WHAT YOU HAVE TO DO: Exact copies of all the lines below are required, with the pictures omitted.

*** Opening RECORD SET ***

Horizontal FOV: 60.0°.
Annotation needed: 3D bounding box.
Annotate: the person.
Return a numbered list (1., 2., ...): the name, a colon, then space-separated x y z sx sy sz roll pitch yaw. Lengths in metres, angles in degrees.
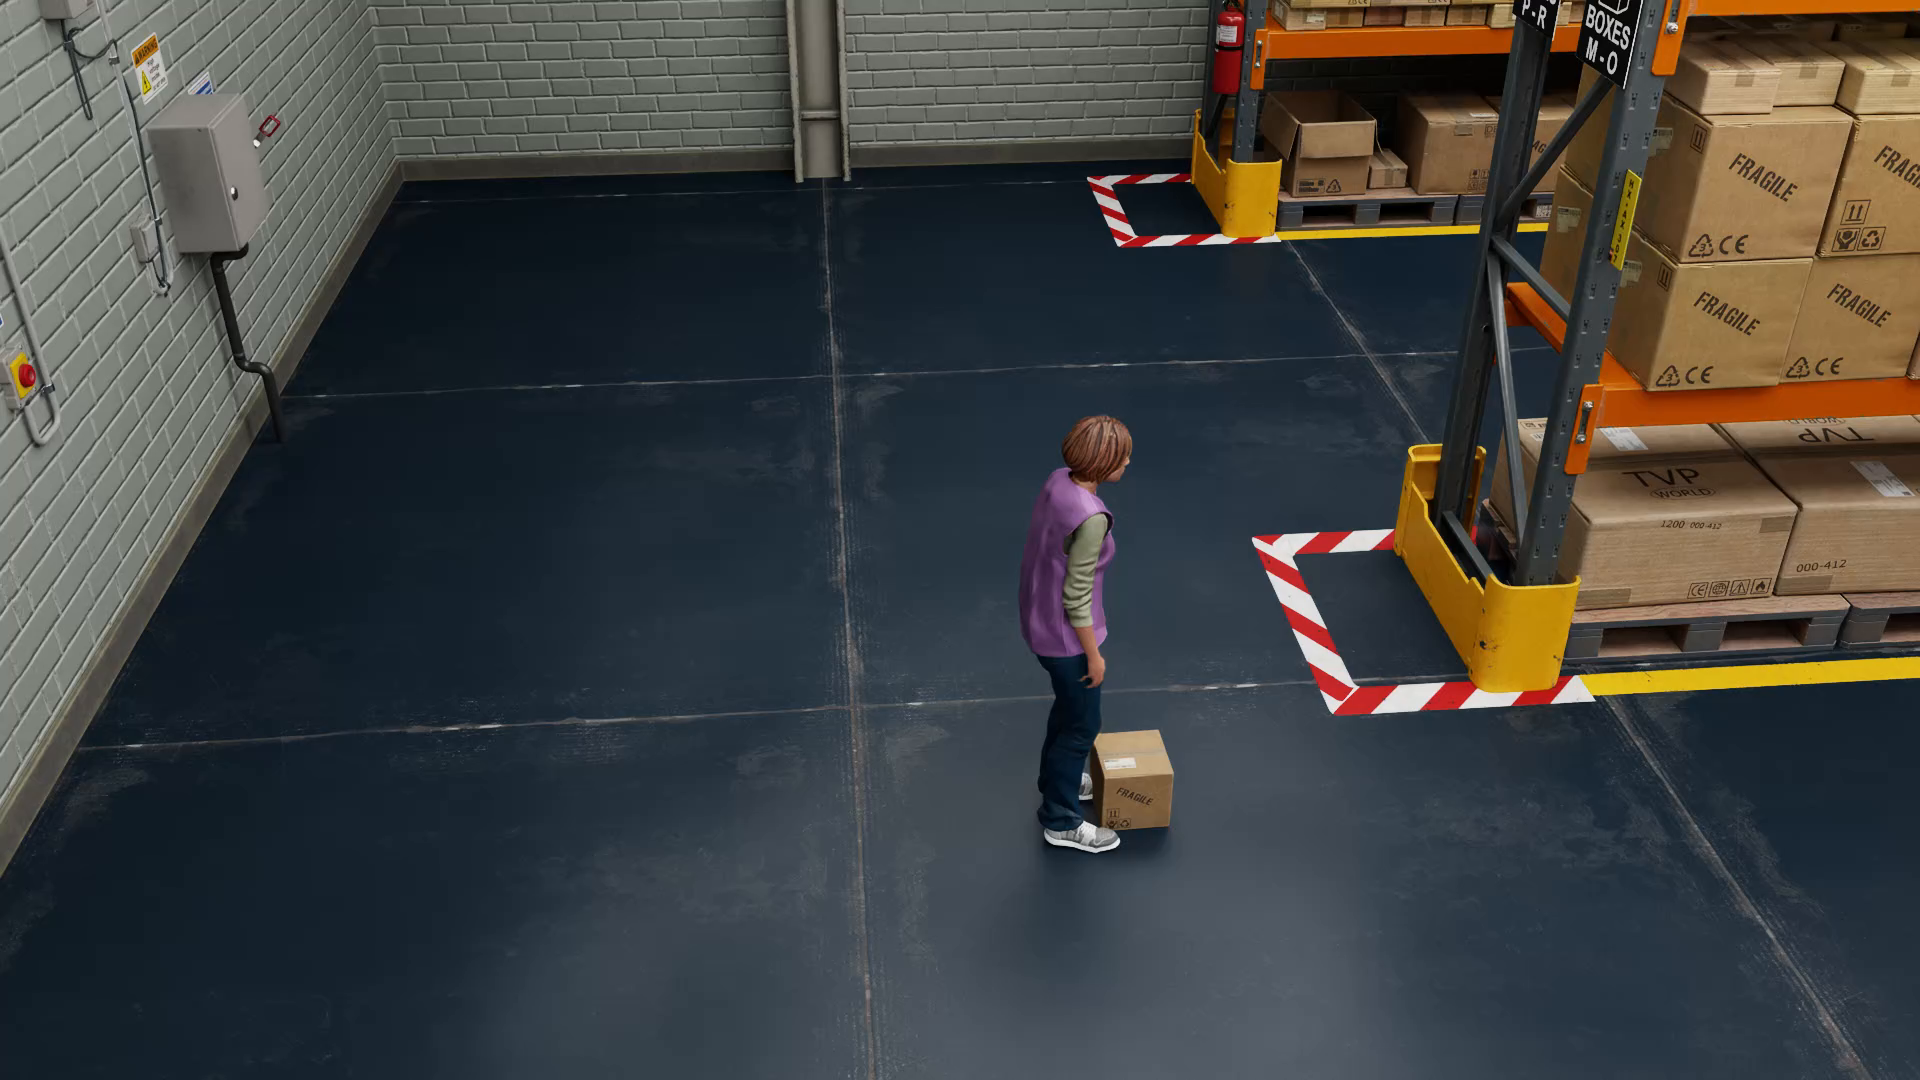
1. person: 0.395 0.315 5.643 0.377 1.581 0.484 -5 32 -8

*** Closing RECORD SET ***

RESULT OF THE EXERCISE:
Horizontal FOV: 60.0°.
Annotation needed: 3D bounding box.
Annotate: the person.
Return a numbered list (1., 2., ...): the name, a colon, then space-separated x y z sx sy sz roll pitch yaw. Lengths in metres, angles in degrees.
1. person: 0.395 0.315 5.643 0.377 1.581 0.484 -5 32 -8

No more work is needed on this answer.